▶ **Work item**: All records below are to be transcribed exactly, with every picture left out.

▶ **Supplied data**:
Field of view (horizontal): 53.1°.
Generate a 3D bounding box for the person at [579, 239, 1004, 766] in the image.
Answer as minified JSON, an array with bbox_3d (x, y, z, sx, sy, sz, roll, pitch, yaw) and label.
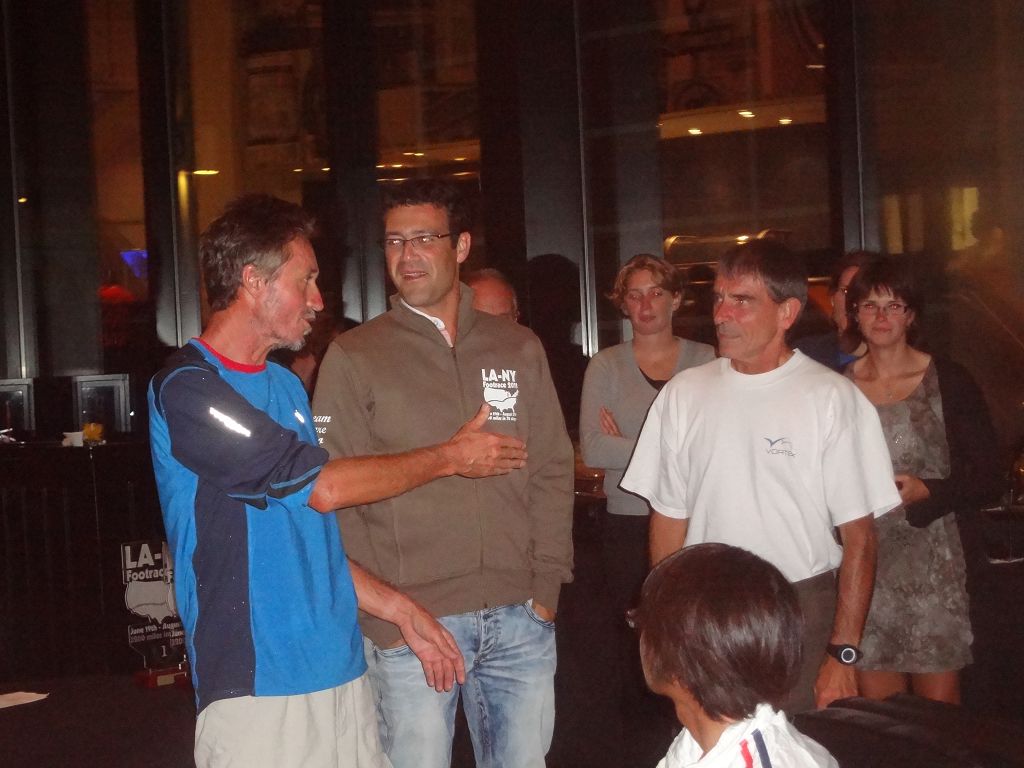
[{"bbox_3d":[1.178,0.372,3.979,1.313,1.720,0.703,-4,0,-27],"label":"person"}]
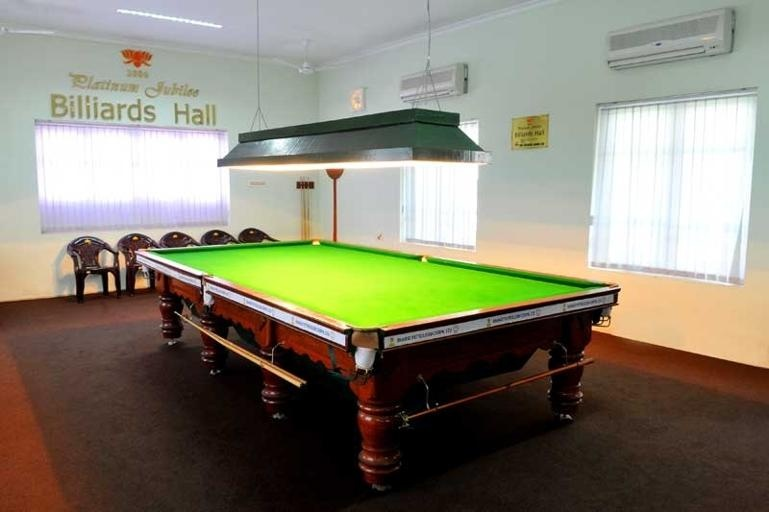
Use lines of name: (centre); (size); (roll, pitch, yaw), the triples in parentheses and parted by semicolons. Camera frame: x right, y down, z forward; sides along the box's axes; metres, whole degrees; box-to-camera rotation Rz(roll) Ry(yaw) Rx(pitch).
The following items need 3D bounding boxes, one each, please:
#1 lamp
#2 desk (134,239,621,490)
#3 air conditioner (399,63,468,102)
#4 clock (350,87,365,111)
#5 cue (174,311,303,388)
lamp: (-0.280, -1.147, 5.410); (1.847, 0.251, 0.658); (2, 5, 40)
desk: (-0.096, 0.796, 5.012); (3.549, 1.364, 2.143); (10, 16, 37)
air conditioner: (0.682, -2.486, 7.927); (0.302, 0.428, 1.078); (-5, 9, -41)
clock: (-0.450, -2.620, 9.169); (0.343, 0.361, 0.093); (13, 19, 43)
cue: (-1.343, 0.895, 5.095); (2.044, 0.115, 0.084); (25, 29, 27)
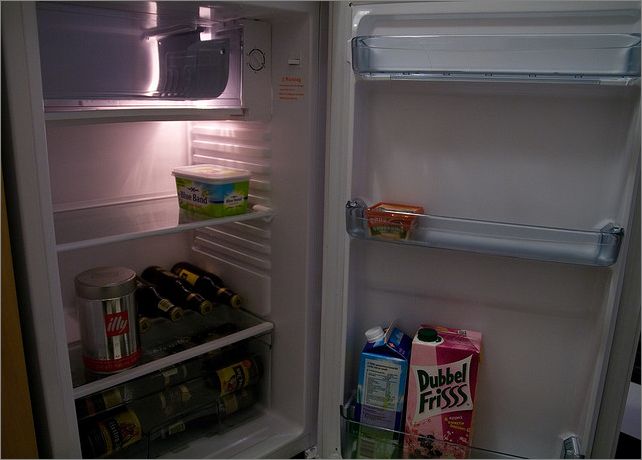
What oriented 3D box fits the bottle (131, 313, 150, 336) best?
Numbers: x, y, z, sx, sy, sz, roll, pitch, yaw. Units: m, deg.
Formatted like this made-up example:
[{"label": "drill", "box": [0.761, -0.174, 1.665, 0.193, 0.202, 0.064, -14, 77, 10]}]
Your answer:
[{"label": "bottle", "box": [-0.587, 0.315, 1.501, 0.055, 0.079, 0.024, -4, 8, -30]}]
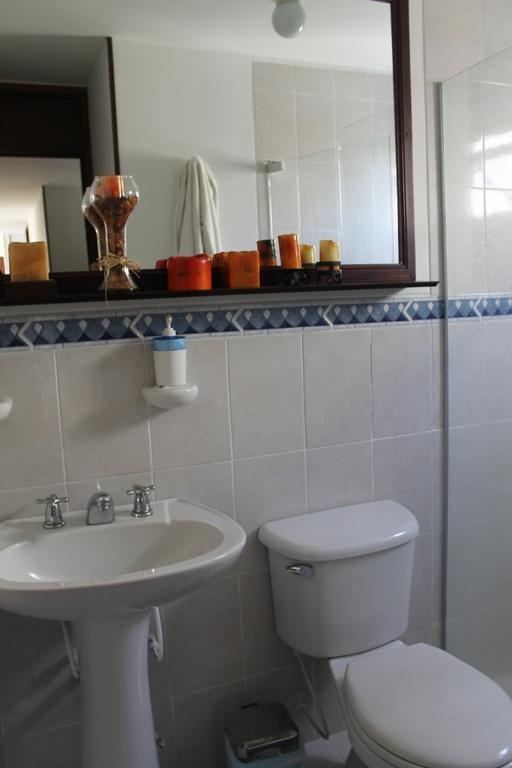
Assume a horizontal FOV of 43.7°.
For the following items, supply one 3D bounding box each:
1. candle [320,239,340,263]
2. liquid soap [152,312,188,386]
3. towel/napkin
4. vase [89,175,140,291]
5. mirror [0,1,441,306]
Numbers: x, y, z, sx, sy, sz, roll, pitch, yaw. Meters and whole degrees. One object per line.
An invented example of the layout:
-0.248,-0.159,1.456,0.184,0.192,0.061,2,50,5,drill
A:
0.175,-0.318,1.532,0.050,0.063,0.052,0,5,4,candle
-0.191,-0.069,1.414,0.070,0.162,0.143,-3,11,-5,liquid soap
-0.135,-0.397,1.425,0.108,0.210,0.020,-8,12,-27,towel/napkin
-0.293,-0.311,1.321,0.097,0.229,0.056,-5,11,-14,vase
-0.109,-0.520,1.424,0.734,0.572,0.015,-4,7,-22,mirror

▶ **Exercise solution**:
Field of view (horizontal): 53.1°.
Generate a 3D bounding box for the person at [579, 239, 1004, 766] in the image.
Answer as minified JSON, an array with bbox_3d (x, y, z, sx, sy, sz, roll, pitch, yaw) and label.
[{"bbox_3d":[1.178,0.372,3.979,1.313,1.720,0.703,-4,0,-27],"label":"person"}]
Use lines of name: (centre); (size); (roll, pitch, yaw), the triples in parentheses and parted by semicolons. Camera frame: x right, y down, z forward; sides along the box's axes; metres, whole degrees; box-to-camera rotation Rz(roll) Ry(yaw) Rx(pitch).
The following items need 3D bounding boxes, one each, please:
#1 lamp
#2 desk (134,239,621,490)
#3 air conditioner (399,63,468,102)
#4 clock (350,87,365,111)
#5 cue (174,311,303,388)
lamp: (-0.280, -1.147, 5.410); (1.847, 0.251, 0.658); (2, 5, 40)
desk: (-0.096, 0.796, 5.012); (3.549, 1.364, 2.143); (10, 16, 37)
air conditioner: (0.682, -2.486, 7.927); (0.302, 0.428, 1.078); (-5, 9, -41)
clock: (-0.450, -2.620, 9.169); (0.343, 0.361, 0.093); (13, 19, 43)
cue: (-1.343, 0.895, 5.095); (2.044, 0.115, 0.084); (25, 29, 27)
What oriented 3D box fits the bottle (131, 313, 150, 336) best?
Numbers: x, y, z, sx, sy, sz, roll, pitch, yaw. Units: m, deg.
Formatted like this made-up example:
[{"label": "drill", "box": [0.761, -0.174, 1.665, 0.193, 0.202, 0.064, -14, 77, 10]}]
Your answer:
[{"label": "bottle", "box": [-0.587, 0.315, 1.501, 0.055, 0.079, 0.024, -4, 8, -30]}]
Assume a horizontal FOV of 43.7°.
For the following items, supply one 3D bounding box each:
1. candle [320,239,340,263]
2. liquid soap [152,312,188,386]
3. towel/napkin
4. vase [89,175,140,291]
5. mirror [0,1,441,306]
Numbers: x, y, z, sx, sy, sz, roll, pitch, yaw. Meters and whole degrees. One object per line.
An invented example of the layout:
-0.248,-0.159,1.456,0.184,0.192,0.061,2,50,5,drill
A:
0.175,-0.318,1.532,0.050,0.063,0.052,0,5,4,candle
-0.191,-0.069,1.414,0.070,0.162,0.143,-3,11,-5,liquid soap
-0.135,-0.397,1.425,0.108,0.210,0.020,-8,12,-27,towel/napkin
-0.293,-0.311,1.321,0.097,0.229,0.056,-5,11,-14,vase
-0.109,-0.520,1.424,0.734,0.572,0.015,-4,7,-22,mirror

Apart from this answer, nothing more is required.